Louise Patricia Crane (born 8 December 1984) is a Northern Irish singer-songwriter and visual artist. She is known for her unique blend of romantic escapism and dreamlike progressive rock, leading to music journalist Dom Lawson dubbing her "The new queen of psychedelic prog".

Born in Belfast, Northern Ireland, Crane began her career in music fronting gothic rock band Solemn Novena in 2006, with whom she gained a small following and performed on both of their releases. In 2016 she joined The Eden House and debuted on their 2017 album Songs for the Broken Ones.

Crane made her solo debut in 2020, with the album Deep Blue which included contributions from progressive rock veterans Jakko Jakszyk and Ian Anderson, and Fireball Ministry bassist Scott Reeder. In the United Kingdom, the album entered the Official Rock & Metal Albums Chart at number 8, and the Official Independent Albums Chart at number 20.

At the end of 2020, Crane ranked number 5 in Prog's Readers' Poll of the Best Female Vocalists.

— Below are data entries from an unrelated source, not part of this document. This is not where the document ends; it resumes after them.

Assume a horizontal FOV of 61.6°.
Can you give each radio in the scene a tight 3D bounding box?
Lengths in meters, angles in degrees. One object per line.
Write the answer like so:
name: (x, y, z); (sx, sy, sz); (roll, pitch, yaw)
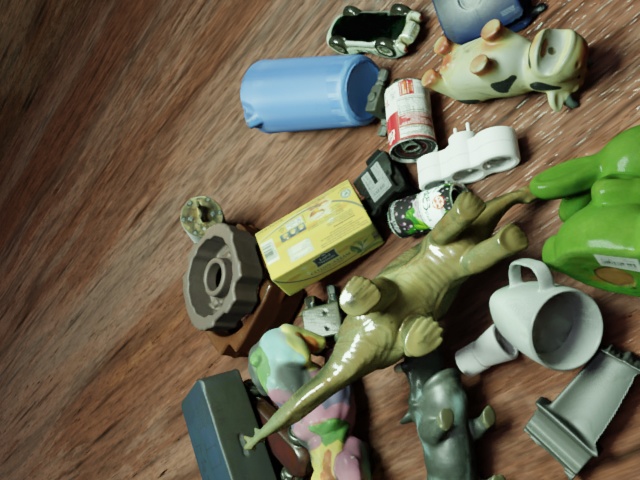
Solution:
radio: (-0.145, 0.337, 0.855); (0.131, 0.073, 0.230); (-49, 56, 47)

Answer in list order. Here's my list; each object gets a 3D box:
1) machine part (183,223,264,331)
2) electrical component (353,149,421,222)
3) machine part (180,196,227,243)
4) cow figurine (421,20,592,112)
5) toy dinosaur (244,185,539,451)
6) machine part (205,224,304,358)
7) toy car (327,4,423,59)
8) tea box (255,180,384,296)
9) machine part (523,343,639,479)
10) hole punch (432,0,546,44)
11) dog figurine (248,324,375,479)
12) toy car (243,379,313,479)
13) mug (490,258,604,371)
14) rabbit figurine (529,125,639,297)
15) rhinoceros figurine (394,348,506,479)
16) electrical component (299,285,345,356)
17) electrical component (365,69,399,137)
machine part: (-0.164, 0.064, 0.896); (0.179, 0.056, 0.179); (-16, 68, 44)
electrical component: (0.093, -0.094, 0.805); (0.075, 0.047, 0.119); (-42, 52, 29)
machine part: (-0.216, -0.025, 1.028); (0.243, 0.079, 0.079); (117, 159, -77)
cow figurine: (0.233, -0.206, 0.652); (0.195, 0.127, 0.085); (13, 86, 62)
toy dinosaur: (0.084, 0.086, 0.619); (0.471, 0.198, 0.105); (-38, 78, -7)
machine part: (-0.128, 0.090, 0.954); (0.201, 0.087, 0.201); (42, 110, 46)
toy car: (0.086, -0.341, 0.885); (0.202, 0.056, 0.073); (25, 91, 47)
tea box: (-0.002, -0.002, 0.814); (0.170, 0.068, 0.098); (-28, 54, 7)
machine part: (0.268, 0.165, 0.542); (0.138, 0.039, 0.084); (-59, 38, 17)
hole punch: (0.214, -0.325, 0.720); (0.142, 0.092, 0.116); (-17, 69, 39)
dog figurine: (-0.009, 0.241, 0.718); (0.108, 0.191, 0.219); (-40, 36, 24)
toy car: (-0.072, 0.297, 0.852); (0.202, 0.053, 0.089); (27, 118, 49)
mug: (0.222, 0.072, 0.565); (0.109, 0.081, 0.107); (65, 170, -9)
rabbit figurine: (0.304, -0.037, 0.536); (0.159, 0.121, 0.170); (3, 61, 54)
rhinoceros figurine: (0.145, 0.215, 0.626); (0.112, 0.073, 0.190); (136, 125, -64)
electrical component: (0.003, 0.129, 0.835); (0.078, 0.045, 0.102); (-21, 62, 10)
electrical component: (0.098, -0.207, 0.821); (0.021, 0.063, 0.094); (19, 93, 48)

Outside of her music career, Crane is a visual artist and has produced album artworks for the band Grooving in Green, and vocalist Monica Richards.

Career

Solemn Novena: 2006–2010

In early 2006, with the intent of bringing guitar orientated goth rock back to the forefront of the UK goth scene, Crane along with friends Stuart Harland, Marc McCourt, and Andi Effe formed gothic rock band Solemn Novena.
An EP titled As Darkness Falls was released that December, but it wasn't until four years later that their full-length debut album Kiss The Girls was released.
Due to various reasons the band split up only two months after the release of their debut album in July 2010.

Raven Adore: 2011–2013
After the dissolution of Solemn Novena, Crane and band mate Stuart Harland formed alternative band Raven Adore in 2011.

The following summer, the band recorded five songs for an EP titled Let's Watch Flowers Bloom which was released as a limited edition run of 100 hand numbered digipaks in October 2012. This would ultimately be the band's only release, as Crane and Harland ended the project soon after.

The Eden House: 2016–present

Sometime in 2013, Crane auditioned for musical ensemble The Eden House by sending through her versions of the tracks "All My Love" and "Trashed Treasure", both originally performed with Julianne Regan on vocals, and a demo of one of her own compositions, "Misery".

In October 2016, it was publicly announced that Crane would be joining the band as a new vocalist and would be appearing on their third studio album, Songs for the Broken Ones. Following the release, the band embarked on a UK tour and two European festival events culminating in a live album for Record Store Day.

Solo career
Following the recording of The Eden House album Songs for the Broken Ones, Crane relocated to Cambridge to embark on her solo career, enlisting The Eden House founder and producer Stephen Carey.

Progressive rock veterans Jakko Jakszyk of King Crimson and Ian Anderson of Jethro Tull would later join the project resulting in the album Deep Blue.

In the United Kingdom, the album entered the Official Rock & Metal Albums Chart at number 8, and the Official Independent Albums Chart at number 20.

Crane released the piano and vocal track "Springtime" on 17th March 2022 via Bandcamp having composed, written, produced, recorded and mixed the song herself, in her home studio. On this date she also announced a brief update on her second solo album, which she is in the process of writing and co-producing with King Crimson guitarist and singer, Jakko Jakszyk.

Peculiar Doll records
Peculiar Doll Records is a British record label, founded by Crane in 2019.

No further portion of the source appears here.